I'd try using the identity

\cos^2 x = \frac{1-\cos(2x)}{2}

I assume there's a similar one for \sinh^2 y.

 

[Dick]

This also works out very directly if you use sin(z)=(exp(iz)-exp(-iz))/(2i), |sin(z)|^2=sin(z)*conjugate(sin(z)) and z=x+iy. If you work directly with the exponentials, you don't need any trig identities.

 

[kreil]

This also works out very directly if you use sin(z)=(exp(iz)-exp(-iz))/(2i), |sin(z)|^2=sin(z)*conjugate(sin(z)) and z=x+iy. If you work directly with the exponentials, you don't need any trig identities.

Doing it this way I get the following:

|sinz|^2=sin(z) sin(z)^*= \frac{1}{4} (e^{iz}-e^{-iz})(e^{-iz}-e^{iz})

= \frac{1}{4}(2-e^{2i(x+iy)}-e^{-2i(x+iy)})=\frac{1}{4}(2-e^{i2x}e^{i2iy}-e^{-i2x}e^{-i2iy})

Converting to trig fcns,

\frac{1}{4}[2-(cos2x+isin2x)(cos2iy+isin2iy)-(cos2x-isin2x)(cos2iy-isin2iy)

Now I know sinh(x)=-isin(ix), cosh(x)=cos(ix), but am i on the right track? i don't want to expand this out if I've already done something incorrect

 

[Dick]

Doing it this way I get the following:

|sinz|^2=sin(z) sin(z)^*= \frac{1}{4} (e^{iz}-e^{-iz})(e^{-iz}-e^{iz})

= \frac{1}{4}(2-e^{2i(x+iy)}-e^{-2i(x+iy)})=\frac{1}{4}(2-e^{i2x}e^{i2iy}-e^{-i2x}e^{-i2iy})

Converting to trig fcns,

\frac{1}{4}[2-(cos2x+isin2x)(cos2iy+isin2iy)-(cos2x-isin2x)(cos2iy-isin2iy)

Now I know sinh(x)=-isin(ix), cosh(x)=cos(ix), but am i on the right track? i don't want to expand this out if I've already done something incorrect

Good hunch.
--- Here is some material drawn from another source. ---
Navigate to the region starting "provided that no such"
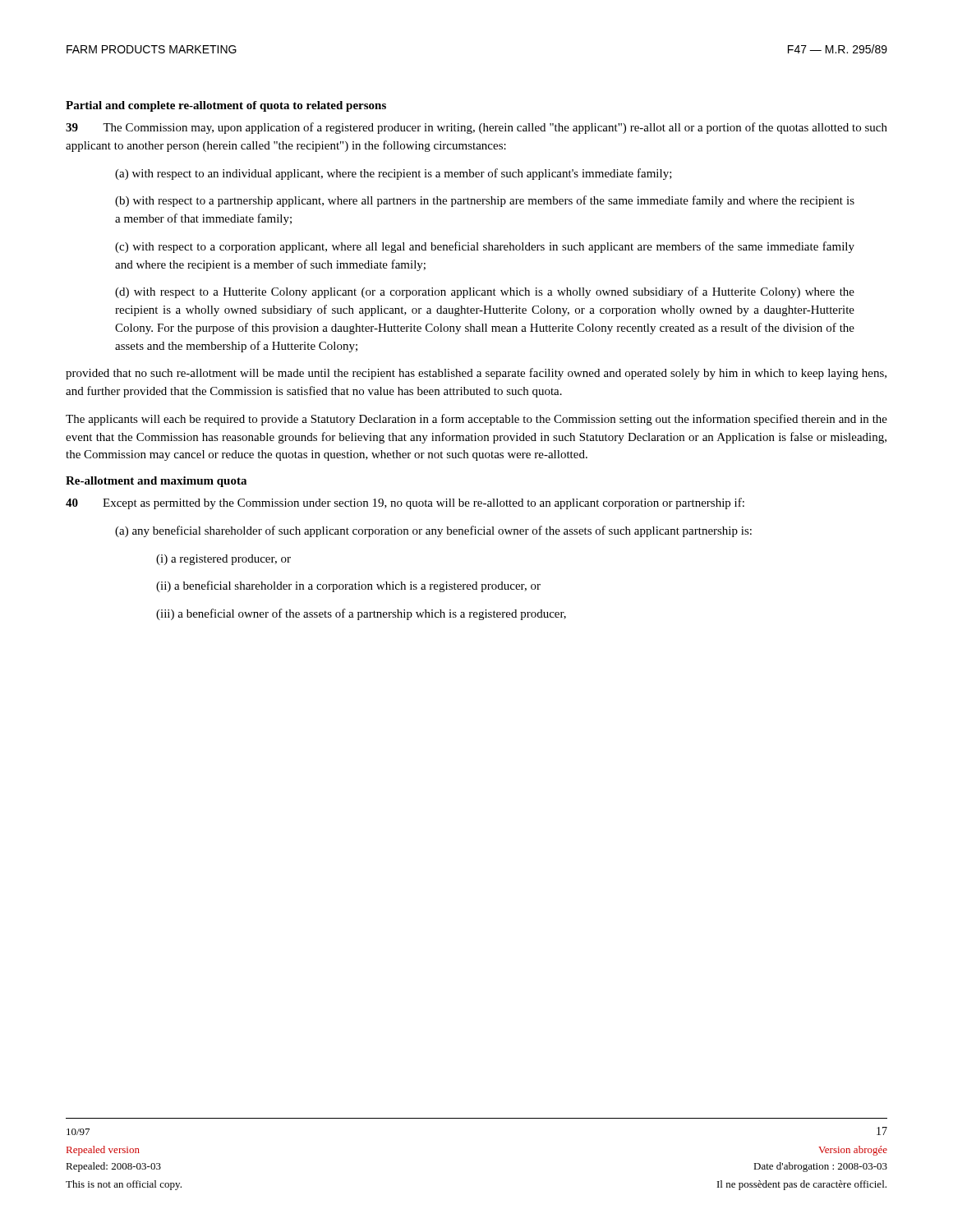953x1232 pixels. (x=476, y=382)

Yes, you have done something wrong already. You forgot to change the z to z* in the second factor.

 

[kreil]

ok ill try that ty

 

[Dick]

ok ill try that

No, you didn't change z to z*. You wrote exp(-iz)-exp(iz). That should be exp(-iz*)-exp(iz*)=exp(-ix-y)-exp(ix+y). What's the first factor in terms of x and y?

 

[kreil]

I see now, it was a silly mistake.

=-\frac{1}{4} \left( e^{i(z+z^*)}-e^{i(z-z^*)}-e^{-i(z-z^*)}+e^{-i(z+z^*)} \right)

and since z+z*=2x, z-z*=2iy,

=-\frac{1}{4} \left( e^{2ix}-e^{-2y}-e^{2y}+e^{-2ix} \right)

=\frac{1}{2} \left( \frac{e^{2y}+e^{-2y}}{2}-\frac{e^{2ix}+e^{-2ix}}{2} \right)

= \frac{1}{2} \left( cosh(2y) - cos(2x) \right)

I'm a bit rusty from taking a semester off, thanks for your help!